The entire country is getting involved in the campaign in Florida over abortion

By Max Greenwood, Miami Herald
Published: July 14, 2024, 5:16am

Florida may no longer be a battleground in the presidential race, but a new political fight over abortion is drawing interest from around the country and taking center stage in the Sunshine State.

Donors — both in Florida and nationally — are putting tens of millions of dollars behind a proposed constitutional amendment that would legalize abortion up until fetal viability, generally understood to be around 24 weeks of pregnancy. Known as Amendment 4, the measure also includes exceptions past that mark for “the patient’s health, as determined by the patient’s healthcare provider.”

Opponents of the ballot measure, including Florida Gov. Ron DeSantis and the state Republican Party he commands, say it’s an ill-defined and overly broad effort to ensure abortion access up until a child is born.

For abortion rights activists, the proposed amendment represents the best chance for Florida voters to overturn a six-week abortion ban that took effect in May and stands among the strictest abortion laws in the country passed since Roe v. Wade, the landmark abortion rights case, was overturned by the U.S. Supreme Court two years ago.

“I think this is one of the largest humanitarian issues on a ballot nationwide right now,” said Lauren Brenzel, the director of Floridians Protecting Freedom, the main group supporting Amendment 4. “We know we’re going to see opposition to this campaign.

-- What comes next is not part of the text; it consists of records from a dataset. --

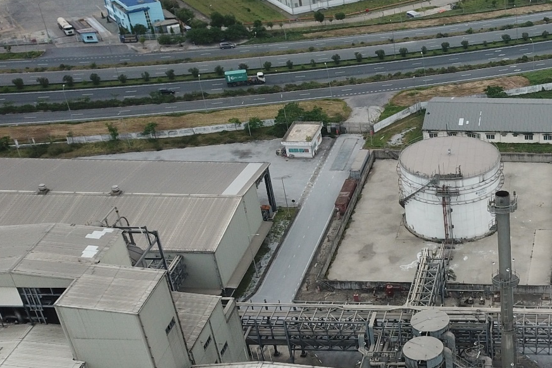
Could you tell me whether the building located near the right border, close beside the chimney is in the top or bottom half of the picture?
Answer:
top
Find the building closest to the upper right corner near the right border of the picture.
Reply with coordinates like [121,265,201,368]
[405,103,552,142]
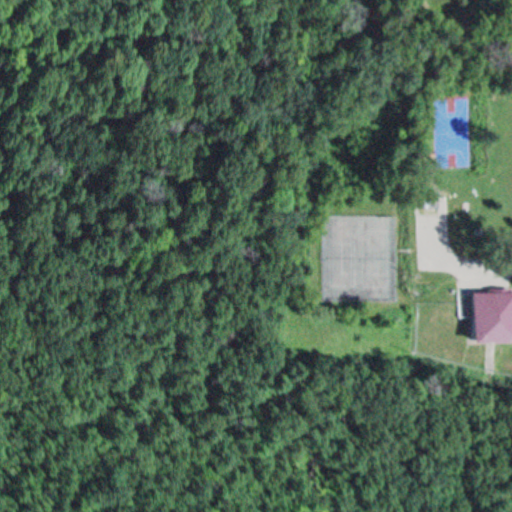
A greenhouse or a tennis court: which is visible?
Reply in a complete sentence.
Looking from above, you can make out a tennis court.
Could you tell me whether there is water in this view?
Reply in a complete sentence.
No, no water is visible.
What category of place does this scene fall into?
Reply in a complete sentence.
This looks like a forest.
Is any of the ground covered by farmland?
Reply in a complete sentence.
No, no farmland is visible.
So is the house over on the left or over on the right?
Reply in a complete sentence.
You can find the house on the right side of the picture.
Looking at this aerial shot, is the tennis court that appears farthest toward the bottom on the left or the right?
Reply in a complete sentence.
The tennis court that appears farthest toward the bottom sits on the right side.
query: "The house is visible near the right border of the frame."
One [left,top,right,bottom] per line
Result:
[474,288,512,342]
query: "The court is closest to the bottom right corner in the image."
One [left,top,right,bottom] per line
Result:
[322,216,397,303]
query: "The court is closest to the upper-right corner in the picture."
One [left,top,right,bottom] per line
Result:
[434,98,470,168]

Our job is to not take our foot off the gas. We have to move full steam ahead; we have to make sure we’re communicating, not just in our state but nationwide, how important this is.”

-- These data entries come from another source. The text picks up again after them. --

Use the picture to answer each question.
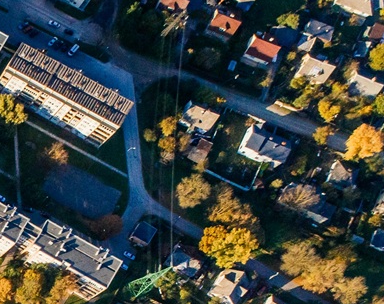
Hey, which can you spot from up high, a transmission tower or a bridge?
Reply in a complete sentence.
I can see a transmission tower in this picture.
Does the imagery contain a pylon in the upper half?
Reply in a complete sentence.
Yes, a pylon appears in the upper half.
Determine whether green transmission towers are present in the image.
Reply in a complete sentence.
Yes, the photo shows a green transmission tower.
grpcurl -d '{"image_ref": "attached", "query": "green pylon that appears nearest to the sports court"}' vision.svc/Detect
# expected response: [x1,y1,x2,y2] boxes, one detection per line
[129,269,172,297]
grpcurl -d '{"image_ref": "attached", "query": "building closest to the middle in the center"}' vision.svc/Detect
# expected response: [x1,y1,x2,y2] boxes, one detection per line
[190,130,214,165]
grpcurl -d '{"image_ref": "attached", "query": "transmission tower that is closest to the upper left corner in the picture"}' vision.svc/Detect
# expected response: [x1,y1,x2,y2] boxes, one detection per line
[165,3,198,35]

In an election year with both a presidential and U.S. Senate race on the ballot, the effort to pass Amendment 4 stands out. While public polling shows Trump trouncing Biden in the presidential race in Florida, Amendment 4 has received broad support. A CBS News/YouGov survey released in May found support for the ballot measure hitting the 60% threshold it will need to pass in November. Another poll from the Florida Chamber of Commerce conducted around the same time clocked support for the amendment at 61%.

Floridians Protecting Freedom has already reported raising more than $38 million from donors across the country.

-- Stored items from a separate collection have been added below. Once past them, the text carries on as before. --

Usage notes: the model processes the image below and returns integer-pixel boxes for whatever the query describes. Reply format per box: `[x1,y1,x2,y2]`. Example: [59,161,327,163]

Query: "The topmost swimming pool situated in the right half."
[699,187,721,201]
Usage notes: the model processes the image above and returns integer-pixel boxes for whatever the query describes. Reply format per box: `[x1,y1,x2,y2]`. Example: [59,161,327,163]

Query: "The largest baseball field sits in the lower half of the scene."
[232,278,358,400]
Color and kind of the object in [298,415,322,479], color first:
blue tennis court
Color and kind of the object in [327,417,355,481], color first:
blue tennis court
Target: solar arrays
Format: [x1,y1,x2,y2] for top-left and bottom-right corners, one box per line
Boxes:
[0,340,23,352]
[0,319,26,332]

Some of its biggest donors include Open Society Fund, a group founded by Democratic mega-donor George Soros, and Think Big America, a Chicago-based abortion rights nonprofit started last year by Illinois Gov. J.B. Pritzker, both of which have given $500,000 to the Yes on 4 campaign.

Its single largest donor so far is Charles and Lynn Schusterman Family Philanthropies, an Oklahoma-based nonprofit that pumped $5 million into the Yes on 4 campaign last month.

The campaigns

Floridians Protecting Freedom began dispatching volunteers last month to knock on doors in hopes of persuading voters to back the proposal in November. And with money to spend, Brenzel said the group also plans to use its tens of millions of dollars to pay professional organizers and go up on TV and radio with ads supporting Amendment 4.

“We want to be on television, we want to be on people’s screens and we want to be on radio,” Brenzel said. “There are real stories of women that have been harmed by the unreasonable [abortion] restrictions that we have in this state.”

Florida has long been a refuge in the U.S. southeast for women seeking an abortion. But a decision by the Florida Supreme Court in April upholding a six-week abortion ban signed into law by DeSantis last year changed that. Many women seeking abortions must now travel to states like North Carolina and Virginia to undergo the procedure.

There’s still an active opposition to the ballot measure. Vote No On 4, the campaign against the amendment, formally launched a bilingual campaign this month to defeat the ballot initiative, and boasts a network of organizers and volunteers that it says is currently capable of reaching 80% of Florida voters.

The anti-Amendment 4 effort is also set to get some help from DeSantis and his allies. The governor is expected to use a newly formed political committee, Florida Freedom Fund, to target Amendment 4, as well as another proposed amendment that would legalize recreational marijuana in Florida.

The fight over those proposed amendments, he said, would receive top billing in Florida this year. The state is slated to play a less prominent role in the November presidential election than it has in past years; Donald Trump and his allies see Florida as friendly territory, while Biden’s campaign manager acknowledged last month that the state is no longer a political battleground.

“You think about presidential election years, it used to be all eyes in the universe would be on the state of Florida because it was such a close state. It’s not too much of a close state anymore,” DeSantis said at a recent press conference in response to a question from the Miami Herald.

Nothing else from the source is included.